Prompt: Before you reproduce the entries that follow, strip out any image they contain and keep the rest exact.

Provided data:
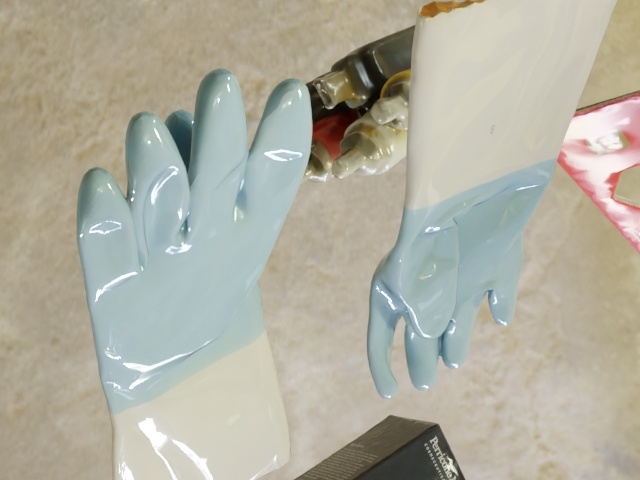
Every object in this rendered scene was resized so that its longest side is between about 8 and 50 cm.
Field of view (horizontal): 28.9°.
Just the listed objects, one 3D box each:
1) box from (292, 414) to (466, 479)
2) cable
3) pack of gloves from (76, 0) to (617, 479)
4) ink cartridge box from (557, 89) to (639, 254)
[{"bbox_3d":[0.058,0.266,1.122,0.158,0.093,0.156,-30,100,-24],"label":"box"},{"bbox_3d":[0.078,-0.100,0.774,0.139,0.287,0.072,-27,90,48],"label":"cable"},{"bbox_3d":[0.000,0.000,0.460,0.195,0.046,0.232,-23,145,-22],"label":"pack of gloves"},{"bbox_3d":[0.318,-0.043,0.857,0.261,0.066,0.296,-20,153,23],"label":"ink cartridge box"}]

Reply to the task:
Every object in this rendered scene was resized so that its longest side is between about 8 and 50 cm.
Field of view (horizontal): 28.9°.
Just the listed objects, one 3D box each:
1) box from (292, 414) to (466, 479)
2) cable
3) pack of gloves from (76, 0) to (617, 479)
4) ink cartridge box from (557, 89) to (639, 254)
[{"bbox_3d":[0.058,0.266,1.122,0.158,0.093,0.156,-30,100,-24],"label":"box"},{"bbox_3d":[0.078,-0.100,0.774,0.139,0.287,0.072,-27,90,48],"label":"cable"},{"bbox_3d":[0.000,0.000,0.460,0.195,0.046,0.232,-23,145,-22],"label":"pack of gloves"},{"bbox_3d":[0.318,-0.043,0.857,0.261,0.066,0.296,-20,153,23],"label":"ink cartridge box"}]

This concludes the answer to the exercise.